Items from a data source

——

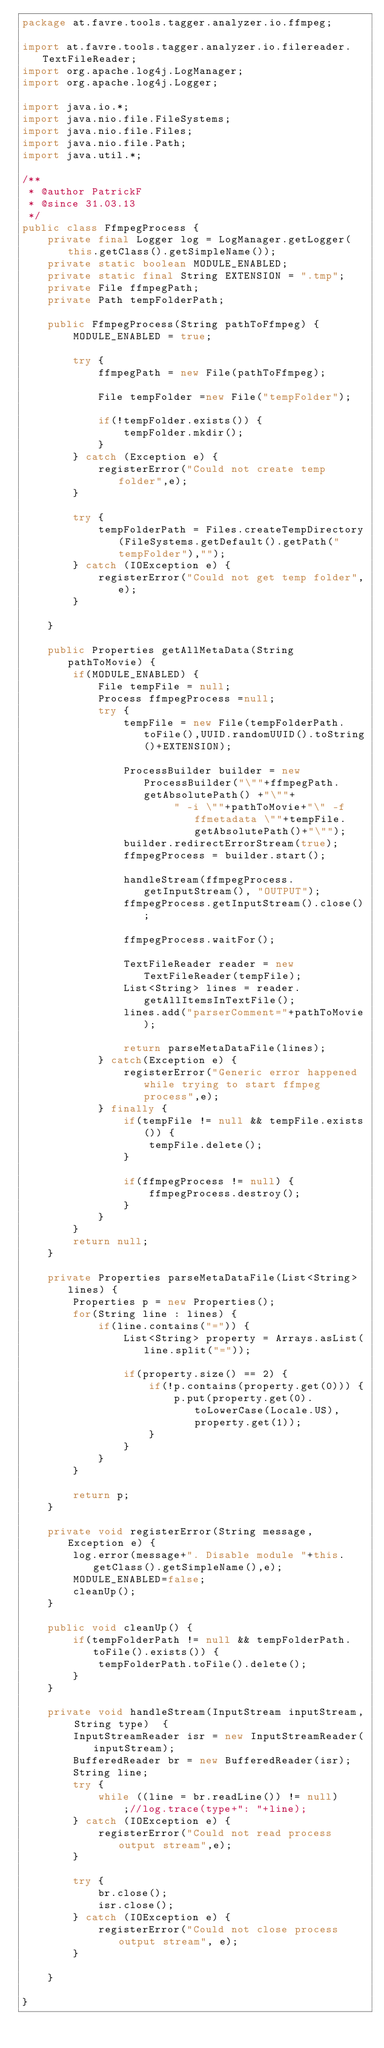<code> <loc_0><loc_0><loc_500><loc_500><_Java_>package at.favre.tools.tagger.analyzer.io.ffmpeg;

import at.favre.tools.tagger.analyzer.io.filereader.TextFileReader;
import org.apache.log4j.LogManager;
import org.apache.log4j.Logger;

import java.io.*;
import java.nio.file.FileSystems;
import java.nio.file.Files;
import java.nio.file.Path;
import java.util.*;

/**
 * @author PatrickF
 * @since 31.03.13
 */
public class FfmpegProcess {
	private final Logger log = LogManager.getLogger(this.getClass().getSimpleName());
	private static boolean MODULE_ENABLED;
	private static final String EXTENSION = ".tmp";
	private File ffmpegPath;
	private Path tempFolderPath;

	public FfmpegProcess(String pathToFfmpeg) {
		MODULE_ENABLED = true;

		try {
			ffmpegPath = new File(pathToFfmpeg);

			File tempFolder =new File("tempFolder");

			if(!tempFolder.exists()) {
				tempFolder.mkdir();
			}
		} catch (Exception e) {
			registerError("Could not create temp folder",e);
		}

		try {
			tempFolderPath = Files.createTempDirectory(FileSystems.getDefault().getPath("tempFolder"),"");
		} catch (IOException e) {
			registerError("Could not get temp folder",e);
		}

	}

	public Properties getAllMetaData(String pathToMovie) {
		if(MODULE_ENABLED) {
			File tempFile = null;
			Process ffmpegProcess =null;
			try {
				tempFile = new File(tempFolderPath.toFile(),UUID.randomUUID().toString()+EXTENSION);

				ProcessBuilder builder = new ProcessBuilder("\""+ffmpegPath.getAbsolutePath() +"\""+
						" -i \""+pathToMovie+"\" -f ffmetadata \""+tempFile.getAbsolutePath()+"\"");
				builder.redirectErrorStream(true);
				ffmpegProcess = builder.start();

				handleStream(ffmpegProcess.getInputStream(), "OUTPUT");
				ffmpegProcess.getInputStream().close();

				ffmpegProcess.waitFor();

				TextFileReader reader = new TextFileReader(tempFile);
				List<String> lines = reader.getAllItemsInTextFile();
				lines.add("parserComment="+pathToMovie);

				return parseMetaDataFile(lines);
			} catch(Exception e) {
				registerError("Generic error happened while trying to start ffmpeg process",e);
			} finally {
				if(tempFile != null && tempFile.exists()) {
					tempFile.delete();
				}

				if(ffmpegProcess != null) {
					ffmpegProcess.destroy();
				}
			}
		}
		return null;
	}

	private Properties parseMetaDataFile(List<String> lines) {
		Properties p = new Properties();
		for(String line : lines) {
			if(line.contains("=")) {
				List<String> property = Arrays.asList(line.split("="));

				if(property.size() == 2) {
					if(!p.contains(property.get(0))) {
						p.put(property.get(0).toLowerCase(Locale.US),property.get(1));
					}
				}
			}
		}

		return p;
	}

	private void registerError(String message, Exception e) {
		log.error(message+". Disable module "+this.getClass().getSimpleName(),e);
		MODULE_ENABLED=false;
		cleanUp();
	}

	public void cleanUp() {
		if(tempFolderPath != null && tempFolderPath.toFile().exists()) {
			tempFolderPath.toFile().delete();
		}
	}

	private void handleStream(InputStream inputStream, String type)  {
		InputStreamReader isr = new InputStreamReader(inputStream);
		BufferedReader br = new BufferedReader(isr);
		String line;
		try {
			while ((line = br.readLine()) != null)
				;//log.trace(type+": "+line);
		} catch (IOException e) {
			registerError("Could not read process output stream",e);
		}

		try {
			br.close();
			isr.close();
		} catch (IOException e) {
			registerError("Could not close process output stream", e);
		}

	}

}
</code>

——

[Exercise] Please give a word-for-word repetition of the lines from the one containing "String line;" through the last line of the data above, including both, and nothing besides.

[Reply]
		String line;
		try {
			while ((line = br.readLine()) != null)
				;//log.trace(type+": "+line);
		} catch (IOException e) {
			registerError("Could not read process output stream",e);
		}

		try {
			br.close();
			isr.close();
		} catch (IOException e) {
			registerError("Could not close process output stream", e);
		}

	}

}
</code>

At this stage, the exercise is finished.